Trademark Comparison with Copyrights, and Patents

The categories of intellectual property – Trademarks, Copyrights, and Patents – are often misused by many people and even some attorneys. Each has their own distinct definition and each provides protection over different types of intellectual property with different goals and purposes.  The following is a brief trademark comparison with copyrights and patents:

  • A Trademark is a word, name, symbol, or device used in commerce in connection with goods or services to indicate the source of those goods or services from the goods and services of others. Ownership of a trademark gives the owner the right to prevent others from using a confusingly similar trademark. Additionally, the owner of a famous trademark gives that owner the right to prevent others from diluting that trademark – i.e., trademark dilution. The length of a trademark comes in 10 year terms. When registration is granted, the trademark lasts 10 years, with 10 year renewal terms after the previous term. Trademarks could last indefinitely as long as the owner continues to use the trademark to identify its goods and services.

  • A Copyright provides protection to the author of an original work. The author has exclusive rights for a certain number of years in that original work as well as derivative works. Generally the length being the life of the author plus 70 years.
  • A Patent gives an inventor property rights in his invention. It grants the right to exclude others from making, using, selling, or offering the invention for sale in the U.S. and importing the invention into the U.S. for a limited number of years, typically 20.

Intellectual Property Legal Rights

Each category provides exclusive rights to the owners. These rights can prevent others from infringing upon those rights and damaging your intellectual property.
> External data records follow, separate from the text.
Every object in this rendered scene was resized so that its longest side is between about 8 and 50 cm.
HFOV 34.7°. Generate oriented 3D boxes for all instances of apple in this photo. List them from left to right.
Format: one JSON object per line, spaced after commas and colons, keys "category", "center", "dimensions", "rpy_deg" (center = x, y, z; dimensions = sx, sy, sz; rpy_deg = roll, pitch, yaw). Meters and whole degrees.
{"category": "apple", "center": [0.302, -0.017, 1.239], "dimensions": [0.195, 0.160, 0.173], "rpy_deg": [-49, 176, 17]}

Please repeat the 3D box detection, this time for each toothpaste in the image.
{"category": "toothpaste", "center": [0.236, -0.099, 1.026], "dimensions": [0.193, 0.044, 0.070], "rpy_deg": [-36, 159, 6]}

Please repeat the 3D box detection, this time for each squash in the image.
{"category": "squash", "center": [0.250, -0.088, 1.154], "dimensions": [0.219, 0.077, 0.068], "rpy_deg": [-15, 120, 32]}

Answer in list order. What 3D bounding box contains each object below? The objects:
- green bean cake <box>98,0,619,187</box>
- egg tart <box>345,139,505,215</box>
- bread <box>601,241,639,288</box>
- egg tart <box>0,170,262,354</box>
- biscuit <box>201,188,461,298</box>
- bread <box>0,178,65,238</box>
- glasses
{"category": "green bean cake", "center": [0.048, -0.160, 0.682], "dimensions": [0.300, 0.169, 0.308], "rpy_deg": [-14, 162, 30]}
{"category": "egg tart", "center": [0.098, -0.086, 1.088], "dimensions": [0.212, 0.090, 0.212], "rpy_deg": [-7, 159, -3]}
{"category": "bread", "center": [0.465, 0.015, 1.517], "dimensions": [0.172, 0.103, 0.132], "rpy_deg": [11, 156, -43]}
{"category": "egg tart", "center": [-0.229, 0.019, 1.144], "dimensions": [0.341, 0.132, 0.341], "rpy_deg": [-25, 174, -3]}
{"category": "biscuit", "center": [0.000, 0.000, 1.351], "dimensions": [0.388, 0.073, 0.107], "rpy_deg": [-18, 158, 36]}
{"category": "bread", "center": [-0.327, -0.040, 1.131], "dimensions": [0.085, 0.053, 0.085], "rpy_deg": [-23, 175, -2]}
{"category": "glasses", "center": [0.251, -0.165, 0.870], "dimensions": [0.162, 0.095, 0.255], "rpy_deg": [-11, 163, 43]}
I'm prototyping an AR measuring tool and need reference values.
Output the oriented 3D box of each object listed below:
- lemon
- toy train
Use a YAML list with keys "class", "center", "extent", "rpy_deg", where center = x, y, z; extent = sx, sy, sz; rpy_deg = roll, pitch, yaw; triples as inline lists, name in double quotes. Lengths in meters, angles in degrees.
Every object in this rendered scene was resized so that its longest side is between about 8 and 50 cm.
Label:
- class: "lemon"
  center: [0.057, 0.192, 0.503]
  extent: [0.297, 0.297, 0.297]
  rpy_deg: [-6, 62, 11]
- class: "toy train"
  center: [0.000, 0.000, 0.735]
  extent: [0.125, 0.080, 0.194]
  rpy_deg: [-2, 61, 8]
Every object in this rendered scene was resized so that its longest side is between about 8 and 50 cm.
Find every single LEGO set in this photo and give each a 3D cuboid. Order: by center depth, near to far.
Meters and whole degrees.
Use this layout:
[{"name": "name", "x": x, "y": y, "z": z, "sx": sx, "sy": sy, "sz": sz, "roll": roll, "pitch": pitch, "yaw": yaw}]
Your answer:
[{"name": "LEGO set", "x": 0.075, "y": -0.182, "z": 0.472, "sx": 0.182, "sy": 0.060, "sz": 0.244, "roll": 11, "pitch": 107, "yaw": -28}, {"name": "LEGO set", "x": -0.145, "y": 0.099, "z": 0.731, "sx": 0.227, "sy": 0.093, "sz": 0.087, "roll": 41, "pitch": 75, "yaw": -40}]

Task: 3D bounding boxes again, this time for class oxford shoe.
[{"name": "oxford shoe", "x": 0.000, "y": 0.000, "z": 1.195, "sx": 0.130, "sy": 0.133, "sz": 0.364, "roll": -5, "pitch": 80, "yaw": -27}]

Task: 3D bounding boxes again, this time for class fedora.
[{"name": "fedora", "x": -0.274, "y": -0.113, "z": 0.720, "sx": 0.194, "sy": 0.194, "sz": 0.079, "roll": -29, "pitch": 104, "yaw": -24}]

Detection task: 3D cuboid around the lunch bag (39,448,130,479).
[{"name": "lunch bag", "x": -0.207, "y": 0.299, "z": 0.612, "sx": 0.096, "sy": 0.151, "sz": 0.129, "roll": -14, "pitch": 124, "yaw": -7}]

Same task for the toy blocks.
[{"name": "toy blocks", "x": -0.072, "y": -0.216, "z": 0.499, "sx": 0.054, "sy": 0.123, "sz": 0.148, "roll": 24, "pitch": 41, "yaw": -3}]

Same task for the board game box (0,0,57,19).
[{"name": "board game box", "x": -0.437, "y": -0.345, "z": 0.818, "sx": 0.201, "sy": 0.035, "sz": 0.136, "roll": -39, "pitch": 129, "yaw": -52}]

A valid federal trademark registration will always be used in connection with goods or services in order to indicate source of the trademark and symbolize the good will of that source.  The rights of a trademark owner will only extend to that trademark’s association with the goods and services the trademark is used with or for. Therefore, a registered trademark does not give the trademark owner a monopoly in the use of a word, symbol, or device. The trademark gives the owner a monopoly in the use of a word, symbol, or device which is used in connection with the specific goods or services that the trademark registration covers.

For example, the owner of a “Pumpkin Spice” trademark for “hotel services” may be able to only exclude others from using an identical or similar trademark in the “hotel services” international classification.  This means that using the word phrase “Pumpkin Spice” in an industry other than the hotel industry would not infringe on the “Pumpkin Spice” trademark. Thus, it is nearly impossible for a trademark owner to stop every possible use of the phrase “Pumpkin Spice”.


A copyright protects the original works of an author. This could be a book, musical, picture, news column, architectural works, etc. A copyright gives the exclusive right to copy, distribute, perform, or display the protected work. To compare to a trademark, a trademark protects the subject matter of the work, while a copyright protects the particular form in which the subject matter is expressed.

Trademark Cybersquatting Patents

The goal of a patent is to protect inventions and other discoveries. A patent will grant to the owner the rights to exclude all others from making, using, selling, or offering its invention for sale in the U.S. Patents come in three forms, utility patents, design patents, and plant patents.

Who May Acquire the Rights of a Trademark

Trademark rights may be obtained by the company or individual(s) that uses the trademark in commerce in connection with the goods, products or services.